Mr. Roosevelt is bold and fearless yet timid and wary; he is ambitious and striving, but circumspect and cautious. He is imperious in mind, but thoughtful and considerate in action. Whether or not these temperamental traits of Mr. Roosevelt give us a picture of the typical President of the future is doubtful, but certain it is that the nervous energy, the irrepressible ambition, the fascinating elements which predominate in Mr. Roosevelt’s nature represent the American character now in the making.

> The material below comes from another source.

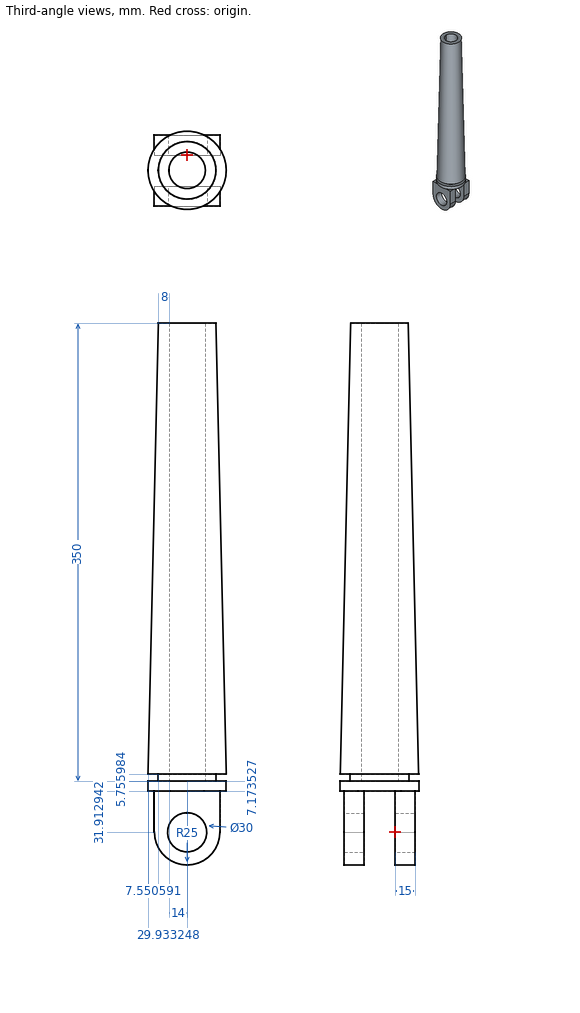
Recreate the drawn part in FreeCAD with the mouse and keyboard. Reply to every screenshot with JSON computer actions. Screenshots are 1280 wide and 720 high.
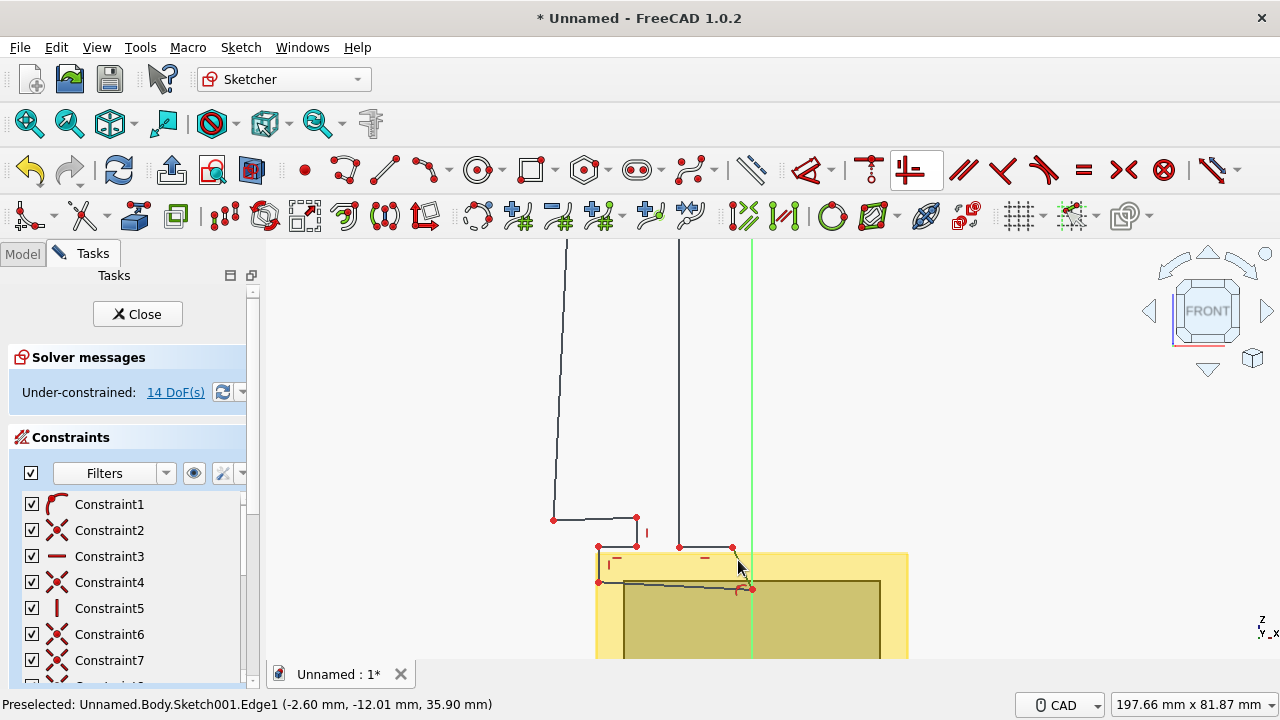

ROOSEVELT WAS NO stranger to Yellowstone, having first visited it in 1886. As founder of the Boone & Crockett Club, he had worked to save it from vandalism and exploitation, and he took pride in having been a motive force behind the National Park Protective Act of 1894. Only last year he had won an appropriation that made the Yellowstone bison wards of the federal government. Now he could enjoy the benefits of his work in solitude.
Or near solitude. John Burroughs caught cold the first day, and remained behind at Mammoth Hot
Springs; but Major Pitcher stuck tight. Roosevelt bided his time. He passed several sociable nights with the superintendent, eating sardines and hardtack round the campfire, and helping wash up in the icy river. Each day, he rode deeper into the park, while snow dust boiled in the peaks and mountain sheep stared down at him, half veiled by their own breath. He feasted his eyes, long starved for the sight of game, on pronghorns and buffalo and black-tailed deer. A giant herd of elk enthralled him for four hours. His ear caught the counterpoint between a solitaire singing at the top of a canyon, and a water-ouzel perched a thousand feet below.
On 12 April, he suddenly said that, as it was Sunday, he wished to “take a walk alone.” Pitcher felt unable to deny a President’s desire for private devotion, so Roosevelt marched happily off and for six hours worshiped God in his own fashion.
There were rumors, later on, of rifle shots echoing in the park, and Roosevelt was definitely seen with a cartridge bruise on his cheek. But Pitcher announced that the President had merely indulged in “a little target shooting” back at camp and been wounded by an ejected shell.
Burroughs, who had rejoined the party, confirmed this. Roosevelt was sincere in his vow not to kill local wildlife, even such permissible prey as coyotes and cougar. He still lusted, or thought that he lusted, after big game, but nowadays it was the pursuit, rather than the quarry, that interested him. A new protective sensibility was notable in his account of these days in Yellowstone:
Every man who appreciates the majesty and beauty of the wilderness and of wild life, should strike hands with the far-sighted men who wish to preserve our material resources, in the effort to keep our forests and our game-beasts, game-birds, and game-fish—indeed, all the living creatures of prairie and woodland and seashore—from wanton destruction. Above all, we should recognize that the effort toward this end is essentially a democratic movement. It is entirely within our power as a nation to preserve large tracts of wilderness, which are valueless for agricultural purposes and unfit for settlement, as playgrounds for rich and poor alike.… But this end can only be achieved by wise laws and by a resolute enforcement of the laws.